Ne yazık ki, mitokondriyal aşırı yüklenmeyi azaltmak için bu yolda muhtemel bir ilaç hedefi olmadığı görülmektedir. İlaçlar, metabolik sendromla ilişkili çeşitli hastalık durumlarını tedavi edebilirken, ilaca başvurmadan önce korunma çok önemlidir.
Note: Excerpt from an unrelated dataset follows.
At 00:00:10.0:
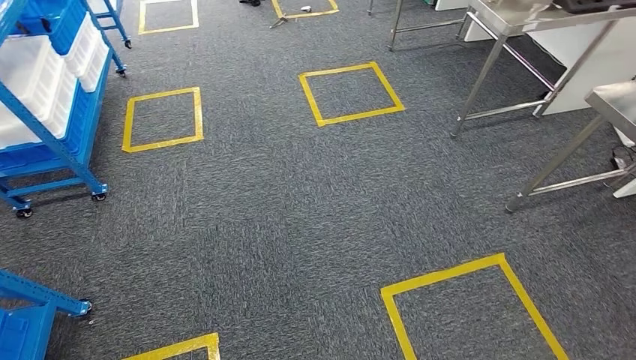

Metabolik sendromu yenmek için tipik Batı diyetinin revizyonunun gerekli olacağı fikri çalışmalarda yer almaktadır.
Porsiyon büyüklüğünün artması, yüksek yağlı, enerjisi yoğun fast-food yiyecek tüketimi ve giderek artan sedanter yaşam tarzı ile ilgili değişikliklerin, çocuklar ve ergenler arasında şişmanlığa katkıda bulunduğu göz önüne alındığında; çocuklarda obezitenin önlenmesi için bu değişikliklerin ele alınması gerekmektedir. Müdahale, diyeti değiştirmeye ya da hareketsiz davranışları azaltmaya yardımcı olacak okul temelli programlara odaklanabilir.
JÄÄSKELÄINEN, P., & Ark., V. (2012). Childhood Nutrition İn Predicting Metabolic Syndrome İn Adults. DIABETES CARE(35).
Liu, W., & Ark. (2010). Prevalence And Association Between Obesity And Metabolic Syndrome Among Chinese Elementary School Children: A School-Based Survey. BMC Public Health , 1-7.
Weiss, R., & Ark. (2013). What İs Metabolic Syndrome, And Why Are Children Getting İt? ANNALS OF THE NEW YORK ACADEMY OF SCIENCES, 123–140.
YILMAZ, A., & Ark., V. (2016). Obez Adölesanlarda Obezite Gelişimini Belirleyen Faktörlerin Ve Metabolik Sendrom Varlığının Retrospektif Olarak Değerlendirilmesi. Türkiye Çocuk Hastalıkları Dergisi(3), 157-161.